A Perfect Family Photo

A long time ago on a warm sunny day, eager little shoes make their way through tickling green grass. The teetering toddler, eyes sparkling, grasps her mother’s hands. Just a few feet from the waiting father the young mother lets go of the tiny fingers and they both watch proudly as their giggling daughter takes her first solo steps to rest her hands on her father’s leg. The excited mother runs to the house to return with the camera to capture this perfect family moment.

Eugene pauses his mending, Gloria at his knee with Marguerite’s shadow in the foreground.
Photo taken early September, 1950

I am unsure of the scene that played out before the shutter was triggered. I imagine it as a special event, such as I took the liberty to describe, as film would have been expensive to waste. I am almost there in that photo, just out of view, because I can feel the ground underfoot, smell the air and hear the sound of distant waves swish as they reach the shore in the background. I feel the soft breeze that teases the man’s hair and I can hear his voice as he softly coos to the tiny girl at his knee, just like he used to do to me. This photo was captured 15 years before my arrival on this earth, but the man in the centre of the photo would play a huge role in my life.
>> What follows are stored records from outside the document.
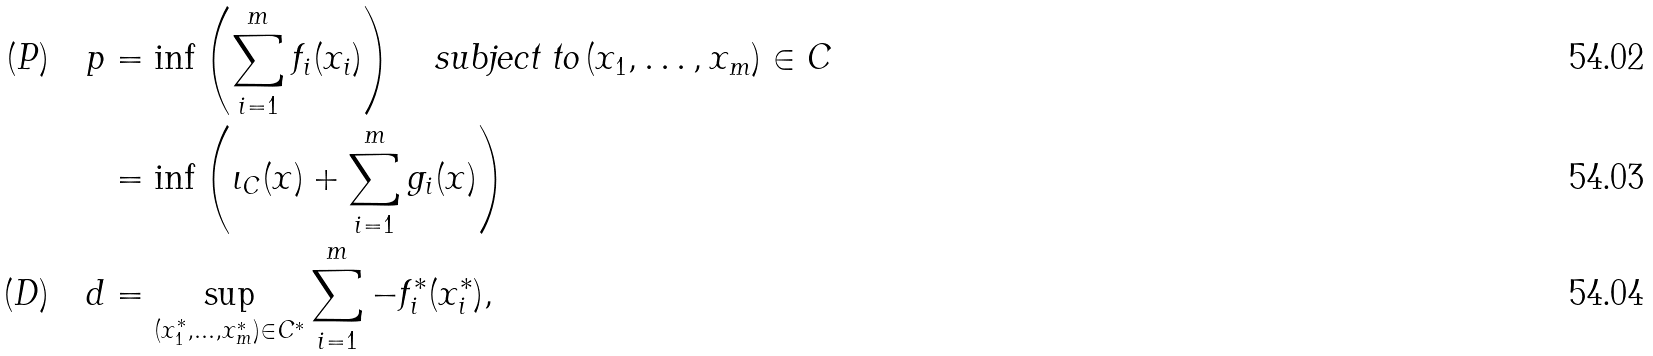<formula> <loc_0><loc_0><loc_500><loc_500>( P ) \quad p & = \inf \left ( \sum _ { i = 1 } ^ { m } f _ { i } ( x _ { i } ) \right ) \quad \text {subject to} \, ( x _ { 1 } , \dots , x _ { m } ) \in C \\ & = \inf \left ( \iota _ { C } ( x ) + \sum _ { i = 1 } ^ { m } g _ { i } ( x ) \right ) \\ ( D ) \quad d & = \sup _ { ( x ^ { * } _ { 1 } , \dots , x ^ { * } _ { m } ) \in C ^ { * } } \sum _ { i = 1 } ^ { m } - f ^ { * } _ { i } ( x _ { i } ^ { * } ) ,</formula> 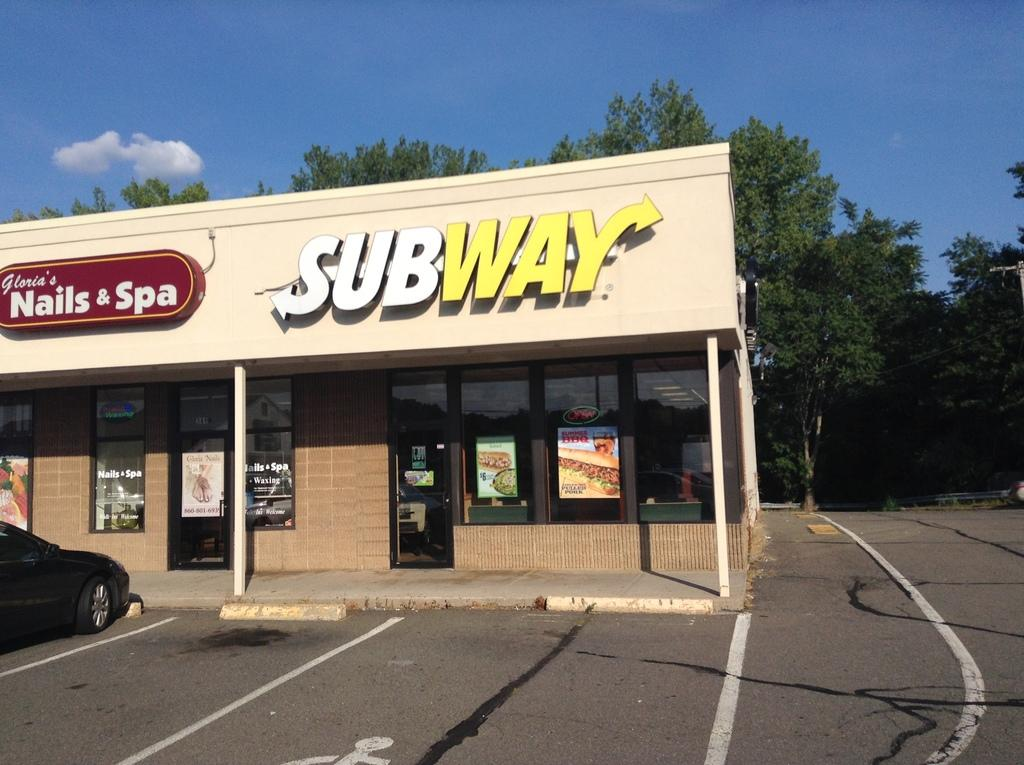What type of establishment is shown in the image? There is a subway shop in the image. What can be seen in the foreground of the image? There is a road in the front bottom side of the image. What is visible in the background of the image? There are trees visible in the background of the image. How many girls are playing with polish in the image? There are no girls or any mention of polish in the image. 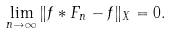Convert formula to latex. <formula><loc_0><loc_0><loc_500><loc_500>\lim _ { n \to \infty } \| f * F _ { n } - f \| _ { X } = 0 .</formula>

After bobbing back and forth across the Atlantic on a WWII Flower Class corvette, Eugene Perry came back home to North East Harbour, Shelburne County, NS in late 1945. He built a house on the property next door to his father’s and, a true man of the sea, started his work-life as a fisherman catching herring in the summer and lobster in the winter. Soon after, he married Lena “Marguerite” Smith and they began their life together in the little house on the hill overlooking the harbour.

The fishing industry is quite a bit different today compared to years ago, and actual fishing was only part of the job. The rest was all the never-ending chores entailed around the tools, gear and equipment of the trade. From the boat that safely held them in the palm of the cold moody ocean to the nets and traps that captured and brought to the sea’s surface each day’s catch, it was a constant agenda of building, repainting, repairing and replacing; all by hand. And it all catered to the weather and the seasons as to which chores needed to be completed and when.

I have been told by family members that Marguerite was a worker who could be seen “on the hill” mending nets alongside her husband to aid with the constant to-do list. To mend a net, a wooden chair would be borrowed from the kitchen – I still have the table and two of the four chairs which Eugene ordered from an Eaton’s catalogue – and carried out to the hill to sit on. A damaged net was laid out, dry and ready to be stretched and pulled taught by strong hands that cinched knots and repaired holes, most likely torn by a large vigorously-wriggling fish desperate to escape.

One of my stepfather’s chairs ordered from the Eaton’s catalogue. It could be the very chair he is sitting on in the photo above.
A needle used to mend nets; it is still wrapped with twine from when my stepfather used it last, probably back in the 1980s. I believe Eugene would have hand carved this needle as many fishermen’s tools were handmade at that time.

As with all young couples after the war, they wanted to start a family. Disappointment would come with the birth of a stillborn baby girl on November 20, 1947. But their prayers would be answered on September 29, 1949 with the birth of a healthy baby girl. They named her Gloria Lena Perry and she was their pride and joy.

I have several photos of Gloria which I will share in future posts. She and I, in a way, were somewhat alike. We grew up in the same house and the same neighbourhood, although years apart. We also loved spending time around our (step)father. We would eventually meet each other after her mother passes away from pneumonia on March 21, 1965. The loss of Marguerite was devastating for Gloria and her father. Eugene struggled with preparing for the upcoming herring fishing season with a 15-year old daughter to care for. Enter my mother and I. But that is a story for another day.

This family photo is so heartwarming, and tells so many stories. As a child who grew up on that same property, I recognize that spot where Eugene is sitting. I have stood there many times to look out at the harbour beyond the ledge in the background. Eugene is wearing his Royal Navy issued pants as he would have stated they were “still good enough” after wearing them home from the war as there was “nothing wrong with them”. A package of cigarettes(?) is stuffed in his shirt pocket. (If you think you recognize what is in his pocket, please let me know in the comments below.)

It is a warm sunny day as you can tell by the little dress Gloria is wearing. She would have been close to a year old. It was late summer and just before her 1st birthday at the end of September. The sun played an important role that day as well; without it, Marguerite’s shadow would not be in the foreground. You can see how she holds the camera about chest height, her elbow at her side, her head tilted down as she centres the subjects in the camera-top viewfinder before pressing the shutter. This camera would be the same Kodak Eugene bought just before heading to war.

I am unaware of any other photos of Marguerite, and I feel this is probably the only photo of this little family unit. Yet, in its own way, it is perfect. In that moment they are together and happy, and what can be more perfect than that?

“The best thing about a picture is that it never changes, even when the people in it do.”